I think the right order would be:

1-Replace all the fluid in the tranny with a fully synthetic Dexron III or better fluid (I hope you can source those kind of fluids in South Africa easier than in Spain).

2-Get the big cooler.

3-Install the VB kit.

I'd do the first two and then see what happens and think about the VB. The VB will not only help with heat, it will also give you a better shifting, better performance (close to a manual) and even lower consumption in some cases.
 
Hi, thank you,

While I got my transmission overhauled, I asked them to fit the valve body from AUS as-well. But I still have cooling issues. The previous owner fitted an aftermarket oil cooler, because the LC’s in the UK did not come with an oil cooler, So I stay in South Africa and the temperature is quite hot by nature.


Can someone please post a photo of the original Toyota cooler and where did they mount it?
 
Yes, that's the one I got and it works really good, it make a big difference.

That should be enough, but considering you are in South Africa, I'd even consider this if you have place in the front: Tru-Cool MAX transmission cooler *No external cold weather thermal bypass: transmissioncoolers.us

I didn't take that cause where I live we have very cold winters and you know an over-cooled transmission is also not good. There is a cold weather bypass, but it doesn't work as good as it should (opens way too late in hot weather in my case).

Anyway, that shouldn't be an issue in your case unless you plan to travel to cold areas, and you could also get a cold weather bypass and connect it only when you travel there.

I think the right order would be:

1-Replace all the fluid in the tranny with a fully synthetic Dexron III or better fluid (I hope you can source those kind of fluids in South Africa easier than in Spain).

2-Get the big cooler.

3-Install the VB kit.

I'd do the first two and then see what happens and think about the VB. The VB will not only help with heat, it will also give you a better shifting, better performance (close to a manual) and even lower consumption in some cases.


you know, a piece of cardboard (or -superfancy- plastic) will do wonders to cover the heat exchanger if it gets too cold out there.
 
Hi, thank you,

While I got my transmission overhauled, I asked them to fit the valve body from AUS as-well. But I still have cooling issues. The previous owner fitted an aftermarket oil cooler, because the LC’s in the UK did not come with an oil cooler, So I stay in South Africa and the temperature is quite hot by nature.


Can someone please post a photo of the original Toyota cooler and where did they mount it?
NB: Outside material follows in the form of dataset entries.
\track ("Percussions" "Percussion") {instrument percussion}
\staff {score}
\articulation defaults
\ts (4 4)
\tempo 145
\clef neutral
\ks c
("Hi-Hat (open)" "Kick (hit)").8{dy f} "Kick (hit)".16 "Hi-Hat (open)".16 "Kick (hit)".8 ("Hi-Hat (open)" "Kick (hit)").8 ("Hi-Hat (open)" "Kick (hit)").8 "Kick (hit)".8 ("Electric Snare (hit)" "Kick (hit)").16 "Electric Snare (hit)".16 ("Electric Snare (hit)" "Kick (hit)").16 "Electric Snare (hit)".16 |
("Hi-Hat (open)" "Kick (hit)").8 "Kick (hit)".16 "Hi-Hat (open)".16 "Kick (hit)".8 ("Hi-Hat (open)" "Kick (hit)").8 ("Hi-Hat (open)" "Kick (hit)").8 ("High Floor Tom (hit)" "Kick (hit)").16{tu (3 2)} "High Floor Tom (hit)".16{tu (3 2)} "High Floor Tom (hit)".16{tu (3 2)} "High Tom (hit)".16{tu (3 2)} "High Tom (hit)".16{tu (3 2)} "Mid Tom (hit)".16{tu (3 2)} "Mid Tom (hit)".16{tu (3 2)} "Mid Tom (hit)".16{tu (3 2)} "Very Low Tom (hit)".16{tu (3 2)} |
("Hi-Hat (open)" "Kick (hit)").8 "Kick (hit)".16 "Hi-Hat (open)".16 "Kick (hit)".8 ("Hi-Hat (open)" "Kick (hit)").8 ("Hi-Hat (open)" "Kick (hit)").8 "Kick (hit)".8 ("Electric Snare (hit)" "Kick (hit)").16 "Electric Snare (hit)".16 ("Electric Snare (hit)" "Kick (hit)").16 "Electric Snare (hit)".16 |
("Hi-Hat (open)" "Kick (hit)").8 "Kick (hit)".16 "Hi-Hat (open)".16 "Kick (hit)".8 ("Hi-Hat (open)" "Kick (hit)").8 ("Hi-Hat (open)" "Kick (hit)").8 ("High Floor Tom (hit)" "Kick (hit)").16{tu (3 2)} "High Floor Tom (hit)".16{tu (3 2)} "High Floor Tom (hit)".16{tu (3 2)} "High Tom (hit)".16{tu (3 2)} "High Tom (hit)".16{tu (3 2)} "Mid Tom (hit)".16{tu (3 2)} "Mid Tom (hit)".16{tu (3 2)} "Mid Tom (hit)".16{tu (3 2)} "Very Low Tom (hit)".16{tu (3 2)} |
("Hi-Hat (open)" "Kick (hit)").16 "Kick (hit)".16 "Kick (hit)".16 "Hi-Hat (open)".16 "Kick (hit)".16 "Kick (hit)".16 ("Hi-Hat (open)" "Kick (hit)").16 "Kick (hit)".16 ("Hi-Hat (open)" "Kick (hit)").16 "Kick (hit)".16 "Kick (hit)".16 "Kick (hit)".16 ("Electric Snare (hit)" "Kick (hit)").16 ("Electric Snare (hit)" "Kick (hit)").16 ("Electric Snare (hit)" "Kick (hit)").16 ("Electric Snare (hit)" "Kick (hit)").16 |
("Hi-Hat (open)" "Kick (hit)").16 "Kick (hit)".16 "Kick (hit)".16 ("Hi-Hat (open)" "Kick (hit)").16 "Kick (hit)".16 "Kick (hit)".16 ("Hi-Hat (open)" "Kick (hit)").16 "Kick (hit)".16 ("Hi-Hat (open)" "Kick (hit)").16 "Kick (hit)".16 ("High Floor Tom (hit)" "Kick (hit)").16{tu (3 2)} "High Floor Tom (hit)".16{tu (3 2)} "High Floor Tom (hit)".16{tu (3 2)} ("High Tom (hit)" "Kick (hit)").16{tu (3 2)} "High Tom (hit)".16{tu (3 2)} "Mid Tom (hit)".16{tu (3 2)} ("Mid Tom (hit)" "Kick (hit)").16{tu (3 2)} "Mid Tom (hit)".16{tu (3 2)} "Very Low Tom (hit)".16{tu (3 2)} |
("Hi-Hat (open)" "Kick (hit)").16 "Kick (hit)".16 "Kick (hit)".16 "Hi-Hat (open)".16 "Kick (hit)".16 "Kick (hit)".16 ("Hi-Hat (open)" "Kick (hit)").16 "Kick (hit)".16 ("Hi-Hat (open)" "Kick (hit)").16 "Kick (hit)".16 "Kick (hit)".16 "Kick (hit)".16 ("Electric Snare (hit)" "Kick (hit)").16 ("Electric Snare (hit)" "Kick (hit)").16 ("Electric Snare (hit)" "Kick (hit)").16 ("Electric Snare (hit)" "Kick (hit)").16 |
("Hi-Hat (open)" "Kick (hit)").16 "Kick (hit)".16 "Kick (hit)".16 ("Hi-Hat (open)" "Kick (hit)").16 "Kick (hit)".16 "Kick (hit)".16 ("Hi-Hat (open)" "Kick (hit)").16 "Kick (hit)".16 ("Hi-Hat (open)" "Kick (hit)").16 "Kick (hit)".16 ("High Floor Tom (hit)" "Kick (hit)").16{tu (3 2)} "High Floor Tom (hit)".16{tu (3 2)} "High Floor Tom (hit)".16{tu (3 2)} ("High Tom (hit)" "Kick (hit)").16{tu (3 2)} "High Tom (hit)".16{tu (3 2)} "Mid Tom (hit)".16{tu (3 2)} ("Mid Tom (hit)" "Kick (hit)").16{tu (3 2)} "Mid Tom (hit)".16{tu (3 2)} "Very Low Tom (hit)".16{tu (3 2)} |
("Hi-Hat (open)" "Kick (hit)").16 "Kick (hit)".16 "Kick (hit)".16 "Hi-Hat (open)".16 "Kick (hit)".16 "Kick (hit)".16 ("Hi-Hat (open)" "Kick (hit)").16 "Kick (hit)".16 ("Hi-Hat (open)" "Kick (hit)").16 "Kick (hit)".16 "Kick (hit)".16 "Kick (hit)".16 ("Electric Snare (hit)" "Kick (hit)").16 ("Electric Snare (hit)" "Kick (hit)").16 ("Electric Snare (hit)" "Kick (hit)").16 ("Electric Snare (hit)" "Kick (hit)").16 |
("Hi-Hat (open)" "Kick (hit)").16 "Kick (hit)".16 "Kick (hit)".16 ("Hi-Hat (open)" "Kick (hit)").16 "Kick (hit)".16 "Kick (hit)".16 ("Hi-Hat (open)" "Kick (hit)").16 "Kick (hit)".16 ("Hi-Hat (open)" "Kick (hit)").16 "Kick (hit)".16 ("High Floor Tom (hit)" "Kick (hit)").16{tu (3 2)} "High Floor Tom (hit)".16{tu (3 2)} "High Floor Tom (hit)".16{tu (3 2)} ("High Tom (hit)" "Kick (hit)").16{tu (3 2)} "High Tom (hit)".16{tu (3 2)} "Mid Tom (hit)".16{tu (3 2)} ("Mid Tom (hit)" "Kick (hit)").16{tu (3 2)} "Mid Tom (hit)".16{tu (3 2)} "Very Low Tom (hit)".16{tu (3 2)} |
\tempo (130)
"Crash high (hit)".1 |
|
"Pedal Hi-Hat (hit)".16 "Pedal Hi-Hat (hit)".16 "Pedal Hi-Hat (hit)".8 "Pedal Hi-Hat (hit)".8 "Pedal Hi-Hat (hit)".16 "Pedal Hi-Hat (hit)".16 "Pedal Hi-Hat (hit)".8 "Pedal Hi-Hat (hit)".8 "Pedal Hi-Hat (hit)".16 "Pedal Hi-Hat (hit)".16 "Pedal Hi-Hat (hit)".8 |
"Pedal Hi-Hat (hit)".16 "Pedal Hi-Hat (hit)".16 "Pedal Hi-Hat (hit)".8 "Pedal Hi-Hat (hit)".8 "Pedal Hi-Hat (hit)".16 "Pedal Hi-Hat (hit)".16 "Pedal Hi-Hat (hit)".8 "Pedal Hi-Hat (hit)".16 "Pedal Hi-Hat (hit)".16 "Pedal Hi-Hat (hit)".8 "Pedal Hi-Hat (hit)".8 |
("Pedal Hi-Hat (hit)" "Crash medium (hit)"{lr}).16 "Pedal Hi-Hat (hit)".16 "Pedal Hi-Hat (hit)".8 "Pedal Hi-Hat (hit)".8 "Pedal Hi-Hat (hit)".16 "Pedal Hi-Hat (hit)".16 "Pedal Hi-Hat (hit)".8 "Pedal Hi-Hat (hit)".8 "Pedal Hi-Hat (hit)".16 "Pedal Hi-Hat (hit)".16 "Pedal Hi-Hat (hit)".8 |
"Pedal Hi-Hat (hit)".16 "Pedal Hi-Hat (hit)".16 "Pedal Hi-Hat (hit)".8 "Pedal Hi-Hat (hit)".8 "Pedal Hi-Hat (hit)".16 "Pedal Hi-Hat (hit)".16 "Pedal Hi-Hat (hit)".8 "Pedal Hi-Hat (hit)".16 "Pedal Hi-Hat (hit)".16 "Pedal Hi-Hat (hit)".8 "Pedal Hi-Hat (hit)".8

there are pics here for sure, but it's on the right hand side of the main radiator, right in front of it, covering a bit less than half, when you look at the truck from the front. I imagine all world trucks have the correct brackets for plug and play.
 
Which it's you average outside temp and your average tranny temp . ? coz I saw mine ( when it was ) around 190 - 210 under heavy traffic conditions down here.